Our transportation fuels and many chemical products including solvents, fertilizers, pesticides, and plastics are derived from petroleum. This dependence on petroleum has probably the biggest impact on our unsustainable way of living. Atmospheric CO2 is at the highest recorded level and it is predicted to further increase in the foreseeable future. Emerging serious environmental issues caused by an accelerated global climate change and ocean acidification are unavoidable if we keep using petroleum at the current rate. In addition, petroleum reservoirs in general and in particular with cheap mining access are going to decline. To ensure the future advancement of human society, there is an ever-increasing demand for renewable biofuels and bioenergy products as an alternative to fossil fuels and petroleum.
Production of cost-competitive fuels and chemicals by microbial fermentation using renewable feedstock is a desirable alternative.
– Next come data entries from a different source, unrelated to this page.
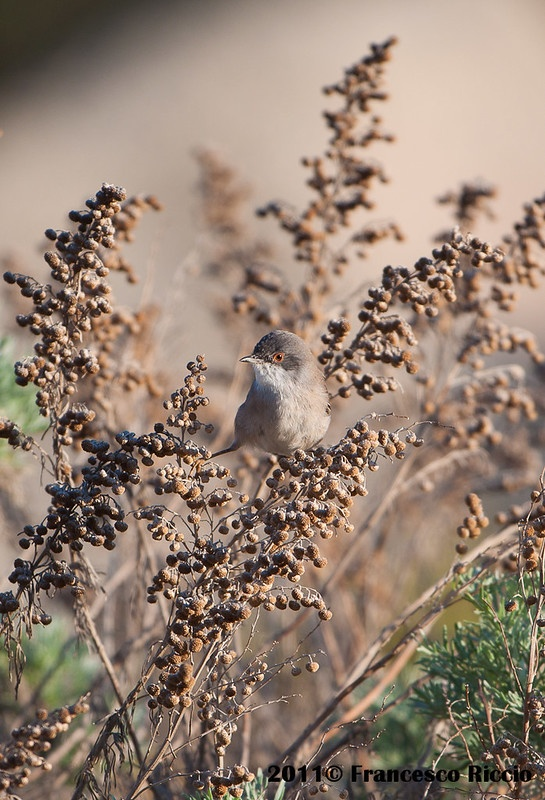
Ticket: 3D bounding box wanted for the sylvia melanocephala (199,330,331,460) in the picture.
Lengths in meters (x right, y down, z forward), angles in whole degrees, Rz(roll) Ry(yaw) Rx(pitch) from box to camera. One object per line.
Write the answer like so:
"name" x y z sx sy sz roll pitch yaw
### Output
"sylvia melanocephala" -0.007 -0.021 5.967 0.466 0.519 0.600 3 5 11
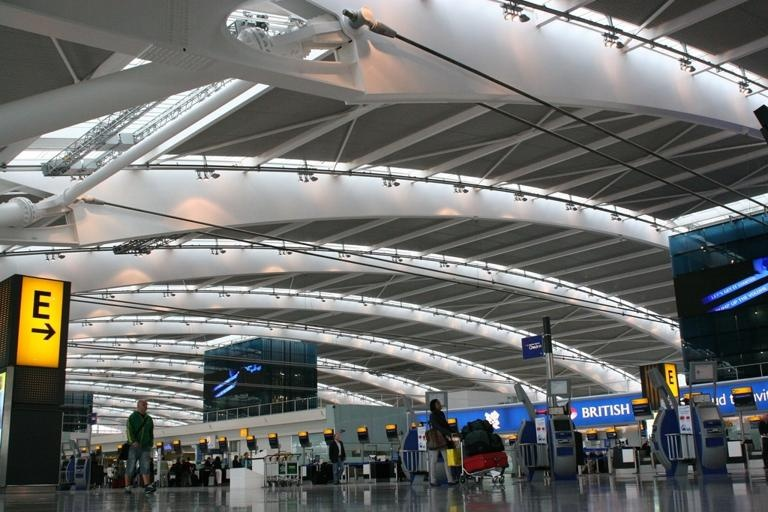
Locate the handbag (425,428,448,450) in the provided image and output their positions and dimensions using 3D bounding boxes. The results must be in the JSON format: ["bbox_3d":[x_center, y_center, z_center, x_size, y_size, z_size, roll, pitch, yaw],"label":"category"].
[{"bbox_3d":[1.464,5.154,20.780,0.563,0.540,0.362,-6,-21,6],"label":"handbag"}]

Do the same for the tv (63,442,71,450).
[{"bbox_3d":[-16.249,9.768,37.892,0.415,0.521,1.724,5,-18,-21],"label":"tv"}]

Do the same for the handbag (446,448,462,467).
[{"bbox_3d":[2.009,5.902,21.574,0.354,0.504,0.986,-10,-18,27],"label":"handbag"}]

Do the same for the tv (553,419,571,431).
[{"bbox_3d":[5.371,5.173,22.579,0.761,0.357,0.331,1,-22,-4],"label":"tv"}]

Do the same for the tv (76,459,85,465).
[{"bbox_3d":[-13.093,8.949,31.923,0.452,0.303,0.217,-1,-8,6],"label":"tv"}]

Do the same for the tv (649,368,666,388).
[{"bbox_3d":[8.764,3.894,23.790,0.437,0.646,0.810,-11,-20,17],"label":"tv"}]

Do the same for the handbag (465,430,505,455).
[{"bbox_3d":[2.789,5.213,20.497,0.959,0.493,0.914,9,-14,-44],"label":"handbag"}]

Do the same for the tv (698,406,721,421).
[{"bbox_3d":[10.143,4.930,23.062,0.739,0.503,0.152,2,-23,-14],"label":"tv"}]

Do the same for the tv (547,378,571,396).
[{"bbox_3d":[5.814,4.338,24.523,0.620,0.554,0.881,-3,-18,-1],"label":"tv"}]
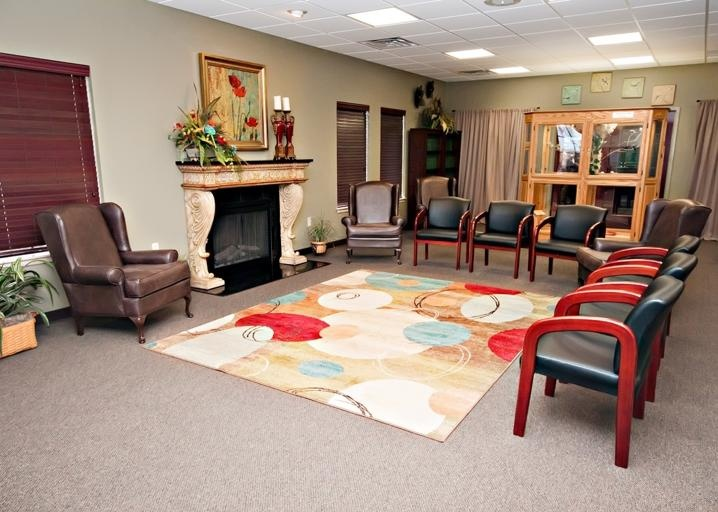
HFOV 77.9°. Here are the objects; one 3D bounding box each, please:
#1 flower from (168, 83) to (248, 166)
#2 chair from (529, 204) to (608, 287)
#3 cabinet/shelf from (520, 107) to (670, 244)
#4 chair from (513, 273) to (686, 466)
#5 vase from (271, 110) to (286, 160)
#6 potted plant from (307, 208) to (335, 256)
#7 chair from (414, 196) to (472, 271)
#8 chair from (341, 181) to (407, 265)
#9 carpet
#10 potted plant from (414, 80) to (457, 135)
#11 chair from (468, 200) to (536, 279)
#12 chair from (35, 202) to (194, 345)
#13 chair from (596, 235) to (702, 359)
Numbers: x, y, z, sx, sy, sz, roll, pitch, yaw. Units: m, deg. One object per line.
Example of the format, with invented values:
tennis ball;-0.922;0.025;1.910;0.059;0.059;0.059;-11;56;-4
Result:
flower;-2.005;-1.603;5.659;0.928;0.660;0.926;8;10;36
chair;2.861;-0.166;6.040;0.952;0.964;0.794;-11;16;-39
cabinet/shelf;4.313;-1.528;8.372;2.367;2.214;0.792;9;20;33
chair;1.701;0.716;3.166;0.848;1.096;1.156;6;11;37
vase;-1.156;-1.751;6.492;0.198;0.685;0.498;-4;16;-9
potted plant;-0.683;-0.361;7.669;0.508;0.651;0.636;0;2;1
chair;1.284;-0.359;6.754;0.837;0.938;0.918;2;14;11
chair;0.255;-0.548;7.141;0.945;1.187;1.018;0;16;4
carpet;0.170;0.706;4.782;3.104;0.164;3.172;7;16;28
potted plant;1.872;-3.329;10.066;0.452;1.234;1.314;2;20;33
chair;2.090;-0.269;6.464;0.778;0.995;0.671;12;19;42
chair;-2.479;0.088;4.527;1.202;1.137;0.929;5;15;8
chair;2.370;0.203;3.821;0.636;0.731;0.741;-20;27;-31

Plant biomass especially agricultural residues, such as corn stover and sugarcane bagasse, represents an important feedstock as they are renewable and they do not compete with food production. Sugar content in many types of agricultural residues is about 60-70% of the dry weight, which is comparable to corn. However, utilization of sugars from plant biomass in a cost-effective manner remains a challenge. Unlike starch, woody biomass (both cellulosic and lignocellulosic biomass), including plant biomass, is naturally resistant to deconstruction. Crystalline fibers of cellulose are encased in a covalently linked mesh of lignin and hemicellulose. D-glucose is the subunit of cellulose and xylose is the main component of hemicellulose (20-40% of biomass dry weight). While glucose can be metabolized very efficiently by many common industrial hosts, such as baker's yeast, industrial microbes have either no native xylose catabolism pathway or very low efficient pathways. Furthermore, the presence of glucose prevents the consumption of other sugars like xylose in microbes, a well-described phenomenon called catabolite repression.
Accordingly, there is a need for improving the derivation of cost-competitive fuels and chemicals from woody biomass using industrial microbes. In particular, mechanisms to counteract the wild type industrial microbes' natural inhibition of efficient metabolism using woody biomass as feedstock are needed.